In the bunker, you’re never alone, except for sometimes in your quarters, and even then, you can hear people in the corridors and your neighbors through the vents. It never drove me crazy. I’m not the type who spends their credits on an hour in one of the soundproofed white rooms, but I think I get it now.
I feel small out here, but not like I’m insignificant, more like I’m a part of a living thing, like the vein of a tree, the xylem or phloem, traveling through the macrocosm I belong to, separate but not. I feel new. Every breath hasn’t cycled through thousands of lungs before mine, every step I take hasn’t been trod every day for centuries. I disrupt tiny insects. I snap stems. I knock pollen from stalks. As I pass through, there is evidence I was here.
I’ve shed Gloria Smith—wife of Bennett Smith and Assistant Head of Agricultural Preservation—like an old, dusty skin. I feel young, but in a way I never was when I was a kid and the lottery hung over my head like the sword of Damocles. This is a different young, brimming with possibility and novelty andlight.
Dalton stops a few yards ahead and turns to watch me. A rush of energy fills me. I run toward him, ignoring my throbbing feet and the ache in my lungs as I draw in more pure oxygen than I’ve ever inhaled before in my life.
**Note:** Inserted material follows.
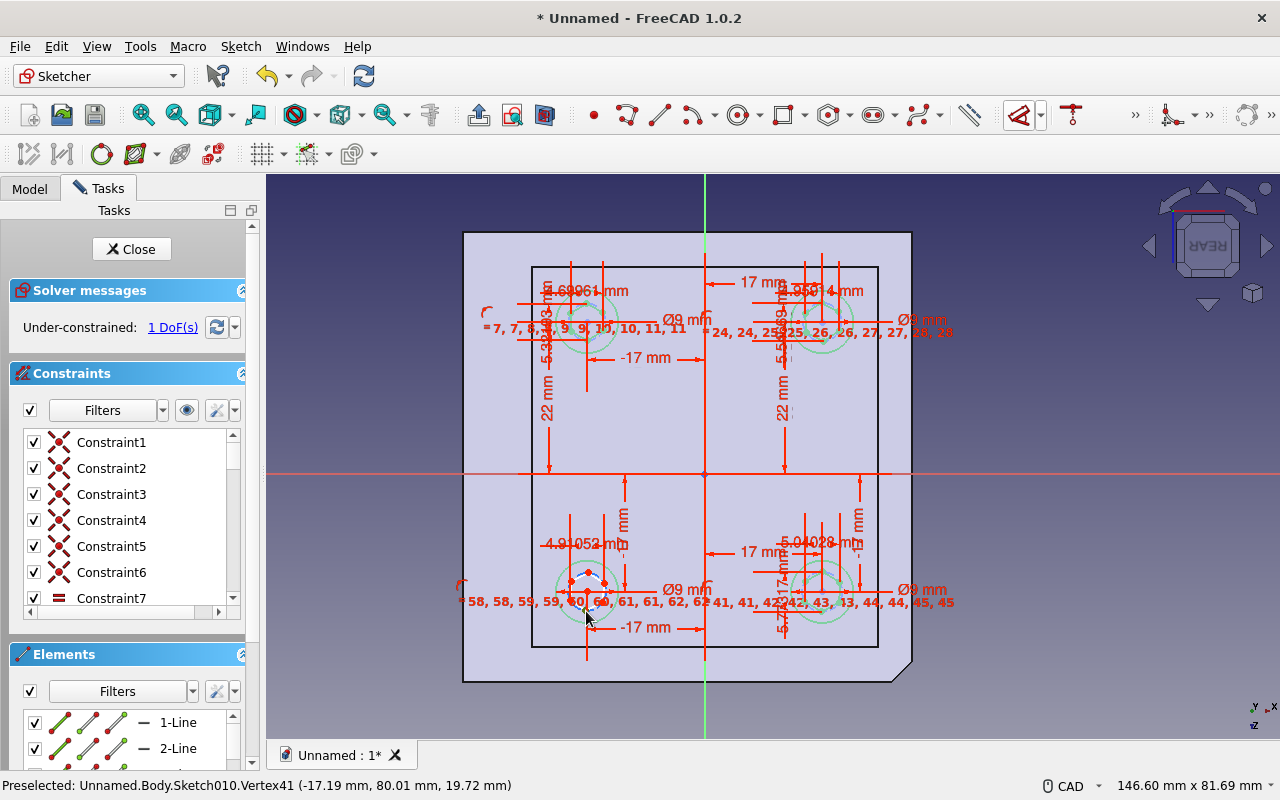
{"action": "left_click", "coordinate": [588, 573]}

The tangly grass, loose stones, and random dips slow me down, and I could probably speed walk faster, but I love it.
When I get to Dalton, I’m grinning and gasping for air. His eyes are almost black, and his chest is heaving like he was running, too, not standing and waiting for me with a brown pod in one hand and a big, flat rock in the other.
“What’s that?” I ask when I’m finally able, nodding at the pod.
“Seed pod. Left over from fall.” He gestures at a nearby black locust. We don’t have one in the collection. Mesquite is our representative from the Fabaceae family, probably picked for its drought tolerance. It’s one of the few trees not showing signs of stress yet.
He breaks the pod open, and before I can complain that I wanted it for my pocket collection, he pops out a dark brown seed.
“Check it out,” he says, dropping into a squat. I’m more than happy to rest, gratefully plopping on my butt and stretching my legs. “My dad used to do this.”
He rubs the seed hard against the rock and says, “Open your hand.”
I offer my palm. He presses the seed to my life line with his thumb and watches my face. The seed is hot, not burning, but warm from the friction.